Your response must be the entire set of entries, reproduced word for word.

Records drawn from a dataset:
-- Opening Marker --
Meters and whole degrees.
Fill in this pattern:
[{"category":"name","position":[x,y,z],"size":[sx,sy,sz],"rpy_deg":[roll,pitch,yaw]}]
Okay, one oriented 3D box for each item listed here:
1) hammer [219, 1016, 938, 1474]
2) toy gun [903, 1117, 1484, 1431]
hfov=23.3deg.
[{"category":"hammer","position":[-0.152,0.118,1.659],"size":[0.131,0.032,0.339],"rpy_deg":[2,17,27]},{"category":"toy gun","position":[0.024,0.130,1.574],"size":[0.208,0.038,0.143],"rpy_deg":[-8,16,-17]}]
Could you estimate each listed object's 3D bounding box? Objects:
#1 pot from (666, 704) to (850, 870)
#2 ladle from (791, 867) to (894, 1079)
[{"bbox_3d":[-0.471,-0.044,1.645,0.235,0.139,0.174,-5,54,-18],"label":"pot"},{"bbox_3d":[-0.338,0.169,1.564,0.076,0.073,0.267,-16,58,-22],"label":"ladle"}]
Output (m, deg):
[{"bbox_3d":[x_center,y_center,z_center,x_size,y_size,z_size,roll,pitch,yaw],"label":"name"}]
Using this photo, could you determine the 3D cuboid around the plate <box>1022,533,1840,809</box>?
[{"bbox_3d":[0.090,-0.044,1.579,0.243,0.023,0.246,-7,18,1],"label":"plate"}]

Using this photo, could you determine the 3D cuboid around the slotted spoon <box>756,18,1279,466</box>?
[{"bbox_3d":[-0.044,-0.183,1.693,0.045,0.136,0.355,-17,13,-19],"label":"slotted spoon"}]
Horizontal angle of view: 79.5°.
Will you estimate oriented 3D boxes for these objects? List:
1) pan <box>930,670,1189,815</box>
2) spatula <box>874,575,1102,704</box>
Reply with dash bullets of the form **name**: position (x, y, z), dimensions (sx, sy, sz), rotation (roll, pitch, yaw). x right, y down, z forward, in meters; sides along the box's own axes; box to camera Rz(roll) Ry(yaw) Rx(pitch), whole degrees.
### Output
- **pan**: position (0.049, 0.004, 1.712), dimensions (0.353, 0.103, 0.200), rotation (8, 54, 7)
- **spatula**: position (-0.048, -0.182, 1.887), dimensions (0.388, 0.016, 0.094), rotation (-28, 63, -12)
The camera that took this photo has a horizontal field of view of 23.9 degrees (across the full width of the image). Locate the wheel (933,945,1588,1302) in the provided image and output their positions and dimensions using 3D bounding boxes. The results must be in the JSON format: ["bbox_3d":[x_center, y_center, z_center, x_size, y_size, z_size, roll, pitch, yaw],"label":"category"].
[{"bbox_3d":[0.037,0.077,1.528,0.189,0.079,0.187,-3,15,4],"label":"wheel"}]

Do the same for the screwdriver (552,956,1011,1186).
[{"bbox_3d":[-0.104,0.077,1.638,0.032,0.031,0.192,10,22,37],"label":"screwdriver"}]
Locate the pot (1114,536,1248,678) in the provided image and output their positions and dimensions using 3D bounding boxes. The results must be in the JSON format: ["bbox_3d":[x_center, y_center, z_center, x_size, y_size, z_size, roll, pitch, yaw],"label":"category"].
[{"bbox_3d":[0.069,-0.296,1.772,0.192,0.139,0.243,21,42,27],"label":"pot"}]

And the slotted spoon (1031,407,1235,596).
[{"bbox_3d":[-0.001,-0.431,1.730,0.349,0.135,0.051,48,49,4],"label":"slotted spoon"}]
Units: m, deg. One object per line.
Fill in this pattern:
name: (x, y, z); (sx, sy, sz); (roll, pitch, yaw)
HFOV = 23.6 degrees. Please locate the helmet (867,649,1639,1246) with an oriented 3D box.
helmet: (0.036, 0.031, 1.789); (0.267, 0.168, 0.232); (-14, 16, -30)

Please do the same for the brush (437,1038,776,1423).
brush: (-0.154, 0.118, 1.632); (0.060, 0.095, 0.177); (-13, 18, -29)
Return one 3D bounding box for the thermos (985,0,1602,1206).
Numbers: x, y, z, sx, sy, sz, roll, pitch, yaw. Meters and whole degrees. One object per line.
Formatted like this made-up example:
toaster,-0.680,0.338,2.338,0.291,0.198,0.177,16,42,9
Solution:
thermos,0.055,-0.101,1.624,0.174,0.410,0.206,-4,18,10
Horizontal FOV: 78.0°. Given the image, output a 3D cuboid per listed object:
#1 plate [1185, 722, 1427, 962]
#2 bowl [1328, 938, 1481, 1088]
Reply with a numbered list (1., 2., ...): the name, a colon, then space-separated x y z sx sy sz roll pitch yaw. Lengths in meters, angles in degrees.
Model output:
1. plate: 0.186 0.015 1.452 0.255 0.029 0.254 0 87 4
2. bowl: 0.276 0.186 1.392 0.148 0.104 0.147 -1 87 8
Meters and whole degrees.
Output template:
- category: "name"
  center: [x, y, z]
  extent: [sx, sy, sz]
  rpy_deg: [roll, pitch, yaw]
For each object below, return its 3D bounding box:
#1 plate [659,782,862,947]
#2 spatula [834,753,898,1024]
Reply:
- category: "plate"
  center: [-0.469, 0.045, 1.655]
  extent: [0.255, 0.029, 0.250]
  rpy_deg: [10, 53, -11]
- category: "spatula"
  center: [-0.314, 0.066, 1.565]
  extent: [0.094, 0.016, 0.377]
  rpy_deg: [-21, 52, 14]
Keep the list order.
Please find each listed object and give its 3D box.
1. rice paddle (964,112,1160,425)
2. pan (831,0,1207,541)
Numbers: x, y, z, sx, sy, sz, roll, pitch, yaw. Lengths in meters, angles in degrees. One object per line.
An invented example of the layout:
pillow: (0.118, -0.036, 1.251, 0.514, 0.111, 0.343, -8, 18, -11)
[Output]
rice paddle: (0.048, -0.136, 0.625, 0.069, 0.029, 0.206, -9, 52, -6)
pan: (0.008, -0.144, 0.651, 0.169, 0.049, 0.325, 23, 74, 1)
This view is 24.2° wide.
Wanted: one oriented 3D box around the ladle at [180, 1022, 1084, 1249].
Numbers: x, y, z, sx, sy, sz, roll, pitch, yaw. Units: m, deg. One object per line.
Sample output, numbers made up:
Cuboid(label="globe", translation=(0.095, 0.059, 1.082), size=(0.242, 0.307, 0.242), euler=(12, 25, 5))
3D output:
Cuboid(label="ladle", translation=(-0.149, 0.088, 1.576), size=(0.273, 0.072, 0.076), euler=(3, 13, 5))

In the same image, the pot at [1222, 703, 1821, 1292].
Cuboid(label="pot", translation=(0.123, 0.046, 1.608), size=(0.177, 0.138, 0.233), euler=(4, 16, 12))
-- Closing Marker --
Result of the task
Meters and whole degrees.
Fill in this pattern:
[{"category":"name","position":[x,y,z],"size":[sx,sy,sz],"rpy_deg":[roll,pitch,yaw]}]
Okay, one oriented 3D box for each item listed here:
1) hammer [219, 1016, 938, 1474]
2) toy gun [903, 1117, 1484, 1431]
hfov=23.3deg.
[{"category":"hammer","position":[-0.152,0.118,1.659],"size":[0.131,0.032,0.339],"rpy_deg":[2,17,27]},{"category":"toy gun","position":[0.024,0.130,1.574],"size":[0.208,0.038,0.143],"rpy_deg":[-8,16,-17]}]
Could you estimate each listed object's 3D bounding box? Objects:
#1 pot from (666, 704) to (850, 870)
#2 ladle from (791, 867) to (894, 1079)
[{"bbox_3d":[-0.471,-0.044,1.645,0.235,0.139,0.174,-5,54,-18],"label":"pot"},{"bbox_3d":[-0.338,0.169,1.564,0.076,0.073,0.267,-16,58,-22],"label":"ladle"}]
Output (m, deg):
[{"bbox_3d":[x_center,y_center,z_center,x_size,y_size,z_size,roll,pitch,yaw],"label":"name"}]
Using this photo, could you determine the 3D cuboid around the plate <box>1022,533,1840,809</box>?
[{"bbox_3d":[0.090,-0.044,1.579,0.243,0.023,0.246,-7,18,1],"label":"plate"}]

Using this photo, could you determine the 3D cuboid around the slotted spoon <box>756,18,1279,466</box>?
[{"bbox_3d":[-0.044,-0.183,1.693,0.045,0.136,0.355,-17,13,-19],"label":"slotted spoon"}]
Horizontal angle of view: 79.5°.
Will you estimate oriented 3D boxes for these objects? List:
1) pan <box>930,670,1189,815</box>
2) spatula <box>874,575,1102,704</box>
Reply with dash bullets of the form **name**: position (x, y, z), dimensions (sx, sy, sz), rotation (roll, pitch, yaw). x right, y down, z forward, in meters; sides along the box's own axes; box to camera Rz(roll) Ry(yaw) Rx(pitch), whole degrees.
### Output
- **pan**: position (0.049, 0.004, 1.712), dimensions (0.353, 0.103, 0.200), rotation (8, 54, 7)
- **spatula**: position (-0.048, -0.182, 1.887), dimensions (0.388, 0.016, 0.094), rotation (-28, 63, -12)
The camera that took this photo has a horizontal field of view of 23.9 degrees (across the full width of the image). Locate the wheel (933,945,1588,1302) in the provided image and output their positions and dimensions using 3D bounding boxes. The results must be in the JSON format: ["bbox_3d":[x_center, y_center, z_center, x_size, y_size, z_size, roll, pitch, yaw],"label":"category"].
[{"bbox_3d":[0.037,0.077,1.528,0.189,0.079,0.187,-3,15,4],"label":"wheel"}]

Do the same for the screwdriver (552,956,1011,1186).
[{"bbox_3d":[-0.104,0.077,1.638,0.032,0.031,0.192,10,22,37],"label":"screwdriver"}]
Locate the pot (1114,536,1248,678) in the provided image and output their positions and dimensions using 3D bounding boxes. The results must be in the JSON format: ["bbox_3d":[x_center, y_center, z_center, x_size, y_size, z_size, roll, pitch, yaw],"label":"category"].
[{"bbox_3d":[0.069,-0.296,1.772,0.192,0.139,0.243,21,42,27],"label":"pot"}]

And the slotted spoon (1031,407,1235,596).
[{"bbox_3d":[-0.001,-0.431,1.730,0.349,0.135,0.051,48,49,4],"label":"slotted spoon"}]
Units: m, deg. One object per line.
Fill in this pattern:
name: (x, y, z); (sx, sy, sz); (roll, pitch, yaw)
HFOV = 23.6 degrees. Please locate the helmet (867,649,1639,1246) with an oriented 3D box.
helmet: (0.036, 0.031, 1.789); (0.267, 0.168, 0.232); (-14, 16, -30)

Please do the same for the brush (437,1038,776,1423).
brush: (-0.154, 0.118, 1.632); (0.060, 0.095, 0.177); (-13, 18, -29)
Return one 3D bounding box for the thermos (985,0,1602,1206).
Numbers: x, y, z, sx, sy, sz, roll, pitch, yaw. Meters and whole degrees. One object per line.
Formatted like this made-up example:
toaster,-0.680,0.338,2.338,0.291,0.198,0.177,16,42,9
Solution:
thermos,0.055,-0.101,1.624,0.174,0.410,0.206,-4,18,10
Horizontal FOV: 78.0°. Given the image, output a 3D cuboid per listed object:
#1 plate [1185, 722, 1427, 962]
#2 bowl [1328, 938, 1481, 1088]
Reply with a numbered list (1., 2., ...): the name, a colon, then space-separated x y z sx sy sz roll pitch yaw. Lengths in meters, angles in degrees.
Model output:
1. plate: 0.186 0.015 1.452 0.255 0.029 0.254 0 87 4
2. bowl: 0.276 0.186 1.392 0.148 0.104 0.147 -1 87 8
Meters and whole degrees.
Output template:
- category: "name"
  center: [x, y, z]
  extent: [sx, sy, sz]
  rpy_deg: [roll, pitch, yaw]
For each object below, return its 3D bounding box:
#1 plate [659,782,862,947]
#2 spatula [834,753,898,1024]
Reply:
- category: "plate"
  center: [-0.469, 0.045, 1.655]
  extent: [0.255, 0.029, 0.250]
  rpy_deg: [10, 53, -11]
- category: "spatula"
  center: [-0.314, 0.066, 1.565]
  extent: [0.094, 0.016, 0.377]
  rpy_deg: [-21, 52, 14]
Keep the list order.
Please find each listed object and give its 3D box.
1. rice paddle (964,112,1160,425)
2. pan (831,0,1207,541)
Numbers: x, y, z, sx, sy, sz, roll, pitch, yaw. Lengths in meters, angles in degrees. One object per line.
An invented example of the layout:
pillow: (0.118, -0.036, 1.251, 0.514, 0.111, 0.343, -8, 18, -11)
[Output]
rice paddle: (0.048, -0.136, 0.625, 0.069, 0.029, 0.206, -9, 52, -6)
pan: (0.008, -0.144, 0.651, 0.169, 0.049, 0.325, 23, 74, 1)
This view is 24.2° wide.
Wanted: one oriented 3D box around the ladle at [180, 1022, 1084, 1249].
Numbers: x, y, z, sx, sy, sz, roll, pitch, yaw. Units: m, deg. One object per line.
Sample output, numbers made up:
Cuboid(label="globe", translation=(0.095, 0.059, 1.082), size=(0.242, 0.307, 0.242), euler=(12, 25, 5))
3D output:
Cuboid(label="ladle", translation=(-0.149, 0.088, 1.576), size=(0.273, 0.072, 0.076), euler=(3, 13, 5))

In the same image, the pot at [1222, 703, 1821, 1292].
Cuboid(label="pot", translation=(0.123, 0.046, 1.608), size=(0.177, 0.138, 0.233), euler=(4, 16, 12))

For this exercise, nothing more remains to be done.